Customize defaults by setting ``DOCUMENT_TASKS``, ``COLLECTION_TASKS``, ``DATASET_VERSION_TASKS``,
``COLLECTION_IDENTIFIER``, ``COLLECTION_REFEREE`` and ``DATASET_VERSION_MODEL``.
Or override ``Dataset.get_collection_factories``, ``Dataset.get_seeding_factories`` and/or
``Dataset.get_task_definitions`` for more control.
* ``Document.invalidate_task`` will now always set ``pending_at`` and ``finished_at`` attributes,
regardless of whether tasks have run before.
* The ``content`` of a Document now contains output from ``derivatives`` through ``Document.get_derivatives_content``.
* Calling ``validate_pending_data_storages`` now may update ``DatasetVersion.is_current`` and ``DatasetVersion.errors``.

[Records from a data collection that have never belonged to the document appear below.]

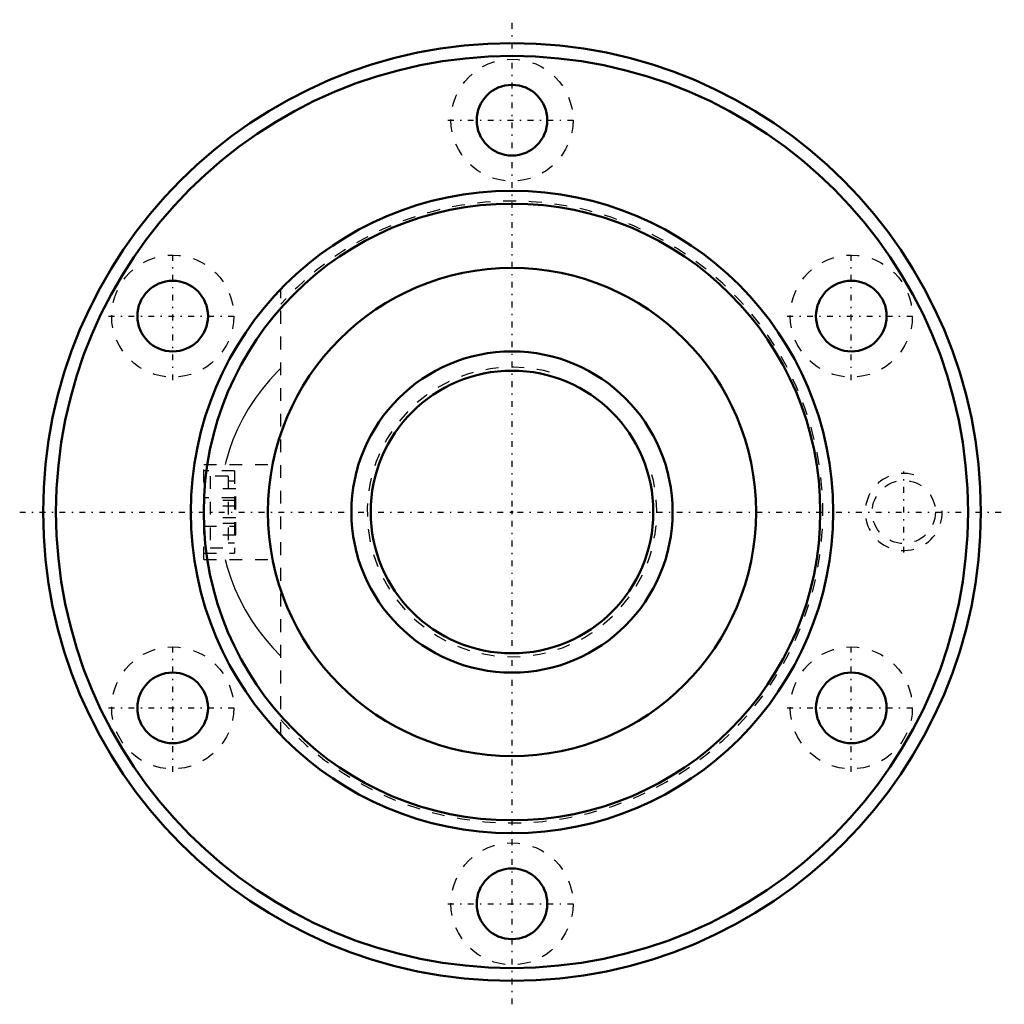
# Model space of a CAD drawing. Header units: millimetres. Extents: x -38.3 to 38.3, y -38.3 to 38.3.
import ezdxf

# ---------------------------------------------------------------- set-up
doc = ezdxf.new("R2010")
doc.units = ezdxf.units.MM
doc.linetypes.add('Center', pattern=[1.5, 0.45, -0.5, 0.05, -0.5])
doc.linetypes.add('Dashed', pattern=[2, 1, -1])
for name, color, linetype, lineweight in [('2d ConnectionPoints', 7, 'Continuous', 50), ('AM_0', 7, 'Continuous', 50), ('AM_5', 3, 'Continuous', 25), ('AM_7', 7, 'Center', 25), ('AM_9', 6, 'Dashed', 25)]:
    doc.layers.add(name, color=color, linetype=linetype, lineweight=lineweight)

# ---------------------------------------------------------------- blocks, each defined once
blk = doc.blocks.new('1_N00SBN2505V_5Nut_0_in_SBN2505V_5G0_65LC0_0000__2')
at = {"layer": 'AM_0'}
for centre, radius in [((0, 0), 36.5), ((0, 0), 35.5), ((0, 30.5), 2.75), ((0, 0), 25), ((0, 0), 24), ((0, 0), 19), ((-26.414, 15.25), 2.75), ((26.414, 15.25), 2.75), ((-26.414, -15.25), 2.75), ((26.414, -15.25), 2.75), ((0, -30.5), 2.75)]:
    blk.add_circle(centre, radius, dxfattribs=at)
at = {"layer": 'AM_5', "linetype": 'Dashed'}
blk.add_arc((30.5, 0), 3, 75, 15, dxfattribs=at)
at = {"layer": 'AM_7'}
for p, q in [((0, -38.325), (0, 38.325)), ((-4.988, 30.5), (4.987, 30.5)), ((-26.414, 10.262), (-26.414, 20.238)), ((26.414, 10.262), (26.414, 20.238)), ((-31.401, 15.25), (-21.426, 15.25)), ((21.426, 15.25), (31.401, 15.25)), ((30.5, -3.15), (30.5, 3.15)), ((-38.325, 0), (38.325, 0)), ((-26.414, -20.238), (-26.414, -10.262)), ((26.414, -20.238), (26.414, -10.262)), ((-31.401, -15.25), (-21.426, -15.25)), ((21.426, -15.25), (31.401, -15.25)), ((-4.988, -30.5), (4.987, -30.5))]:
    blk.add_line(p, q, dxfattribs=at)
at = {"layer": 'AM_9'}
for p, q in [((-18, -17.349), (-18, 17.349)), ((-24, 3.7), (-18, 3.7)), ((-24, -3.7), (-24, 3.7)), ((-21.6, 3.2), (-24, 3.2)), ((-21.6, 3.2), (-21.6, -3.2)), ((-23.5, 2.8), (-23.5, -2.8)), ((-22.1, 2.8), (-23.5, 2.8)), ((-22.1, 2.8), (-22.1, -2.8)), ((-21.6, 2.4), (-22.1, 2.4)), ((-21.5, 1.8), (-23.5, 1.8)), ((-21.5, -1.8), (-21.5, 1.8)), ((-21.6, 1.114), (-24, 1.114)), ((-21.5, 0.9), (-23.5, 0.9)), ((-21.5, 0.45), (-23.5, 0.45)), ((-21.5, -0.45), (-23.5, -0.45)), ((-24, -1.114), (-21.6, -1.114)), ((-21.5, -0.9), (-23.5, -0.9)), ((-21.5, -1.8), (-23.5, -1.8)), ((-23.5, -2.8), (-22.1, -2.8)), ((-22.1, -2.4), (-21.6, -2.4)), ((-24, -3.2), (-21.6, -3.2)), ((-24, -3.7), (-18, -3.7))]:
    blk.add_line(p, q, dxfattribs=at)
for points in [[(-18.008, 11.195), (-18.234, 10.968), (-18.865, 10.285), (-19.455, 9.572), (-20.001, 8.83), (-20.502, 8.062), (-20.957, 7.27), (-21.363, 6.456), (-21.721, 5.624), (-22.029, 4.775), (-22.286, 3.913), (-22.341, 3.701)], [(-22.341, -3.7), (-22.179, -4.296), (-21.9, -5.15), (-21.571, -5.989), (-21.193, -6.81), (-20.767, -7.612), (-20.295, -8.391), (-19.776, -9.145), (-19.214, -9.872), (-18.61, -10.571), (-18.011, -11.192)]]:
    blk.add_lwpolyline(points, dxfattribs=at)
for centre, radius in [((0, 30.5), 4.75), ((-26.414, 15.25), 4.75), ((26.414, 15.25), 4.75), ((30.5, 0), 2.458), ((-26.414, -15.25), 4.75), ((26.414, -15.25), 4.75), ((0, -30.5), 4.75)]:
    blk.add_circle(centre, radius, dxfattribs=at)
blk.add_arc((0, 0), 24.2, 221.94373, 138.05627, dxfattribs=at)
blk = doc.blocks.new('2_N010SBN2505V_50Shaft_0_in_SBN2505V_5G0_65LC0_0000__2')
at = {"layer": 'AM_0'}
for radius in [12.5, 11]:
    blk.add_circle((0, 0), radius, dxfattribs=at)
at = {"layer": 'AM_5', "linetype": 'Dashed'}
blk.add_arc((0, 0), 11.273, 75, 15, dxfattribs=at)

msp = doc.modelspace()

# ---------------------------------------------------------------- linework, layer by layer
at = {"layer": '2d ConnectionPoints'}
msp.add_point((0, 0), dxfattribs=at)

# ---------------------------------------------------------------- block references
for name in ['1_N00SBN2505V_5Nut_0_in_SBN2505V_5G0_65LC0_0000__2', '2_N010SBN2505V_50Shaft_0_in_SBN2505V_5G0_65LC0_0000__2']:
    msp.add_blockref(name, (0, 0))

doc.saveas('drawing.dxf')

* Commands inheriting from ``DatasetCommand`` that expect ``Community`` compliant objects,
should set ``cast_as_community`` to True on the Command class and rename ``handle_dataset`` to ``handle_community``.
* Unlike the legacy ``Community`` model a ``Dataset`` has a unique signature. If the signature of a ``Dataset`` matches
an existing ``Dataset`` the ``growth`` method will create a new ``DatasetVersion`` instead of a different ``Dataset``.